> **INSTRUCTIONS FOR THE TASK**: Return the first line of the listing below and all the lines after it through the one containing "subtitle Article VIII", exactly, without pictures.

> **EXTRACTED INFORMATION**:
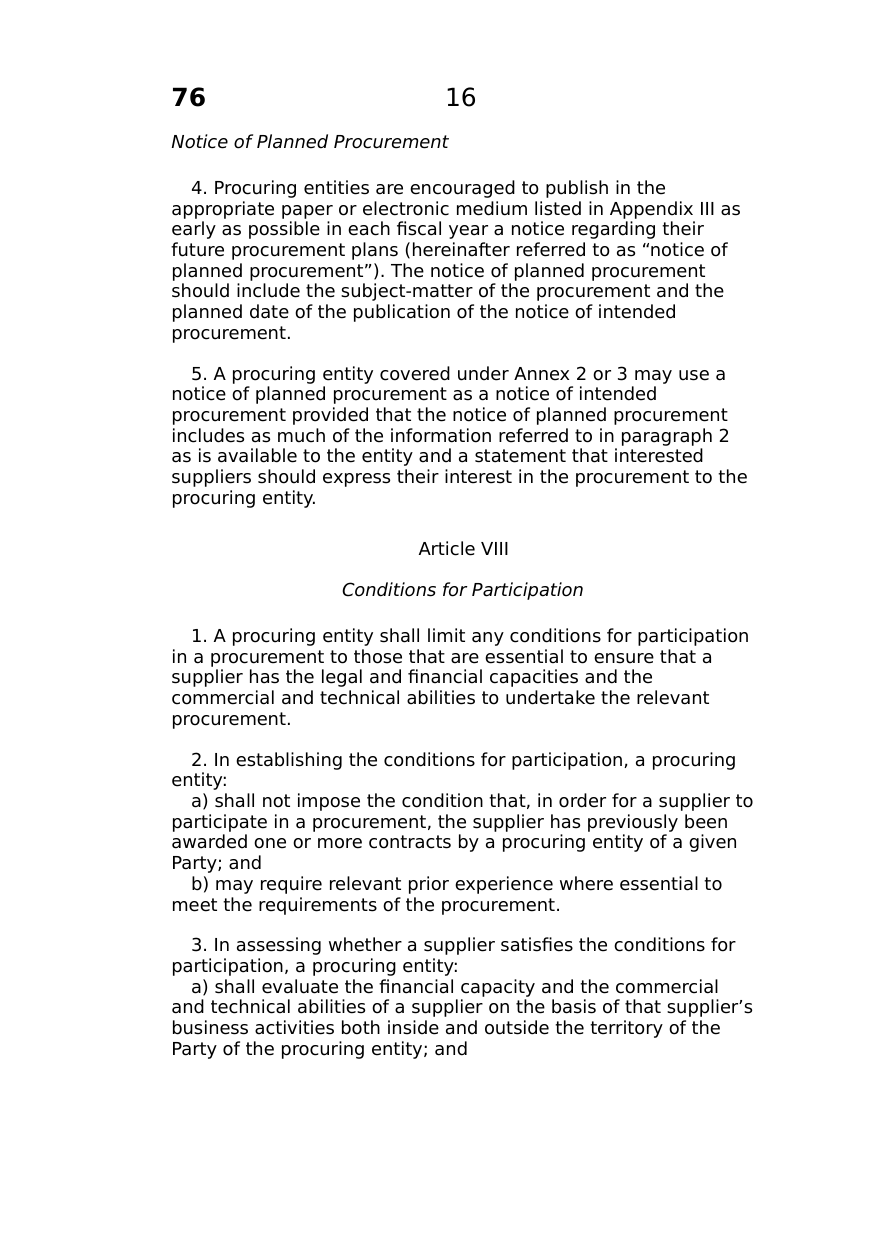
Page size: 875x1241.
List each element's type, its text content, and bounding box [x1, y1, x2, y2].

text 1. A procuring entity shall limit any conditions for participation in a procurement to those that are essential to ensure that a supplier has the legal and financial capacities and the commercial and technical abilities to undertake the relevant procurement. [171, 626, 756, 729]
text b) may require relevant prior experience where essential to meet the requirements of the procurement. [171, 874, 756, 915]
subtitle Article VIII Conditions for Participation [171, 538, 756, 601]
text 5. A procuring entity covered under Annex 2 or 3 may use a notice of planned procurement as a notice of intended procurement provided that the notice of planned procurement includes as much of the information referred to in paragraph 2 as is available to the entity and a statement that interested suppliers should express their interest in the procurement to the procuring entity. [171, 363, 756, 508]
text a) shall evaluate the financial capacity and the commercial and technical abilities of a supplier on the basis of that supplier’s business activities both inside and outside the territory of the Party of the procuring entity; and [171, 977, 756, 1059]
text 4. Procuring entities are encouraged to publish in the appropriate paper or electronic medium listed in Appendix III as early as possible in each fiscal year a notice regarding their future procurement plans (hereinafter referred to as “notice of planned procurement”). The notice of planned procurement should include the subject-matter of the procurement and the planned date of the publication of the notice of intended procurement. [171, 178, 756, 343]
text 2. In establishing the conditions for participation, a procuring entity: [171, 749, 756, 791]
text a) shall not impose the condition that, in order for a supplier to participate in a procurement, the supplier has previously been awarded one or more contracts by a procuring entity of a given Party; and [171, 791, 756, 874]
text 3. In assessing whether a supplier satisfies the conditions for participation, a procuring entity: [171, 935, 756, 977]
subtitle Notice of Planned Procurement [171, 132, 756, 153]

> **WRITTEN REPLY**:
Page size: 875x1241.
List each element's type, its text content, and bounding box [x1, y1, x2, y2].

text 1. A procuring entity shall limit any conditions for participation in a procurement to those that are essential to ensure that a supplier has the legal and financial capacities and the commercial and technical abilities to undertake the relevant procurement. [171, 626, 756, 729]
text b) may require relevant prior experience where essential to meet the requirements of the procurement. [171, 874, 756, 915]
subtitle Article VIII Conditions for Participation [171, 538, 756, 601]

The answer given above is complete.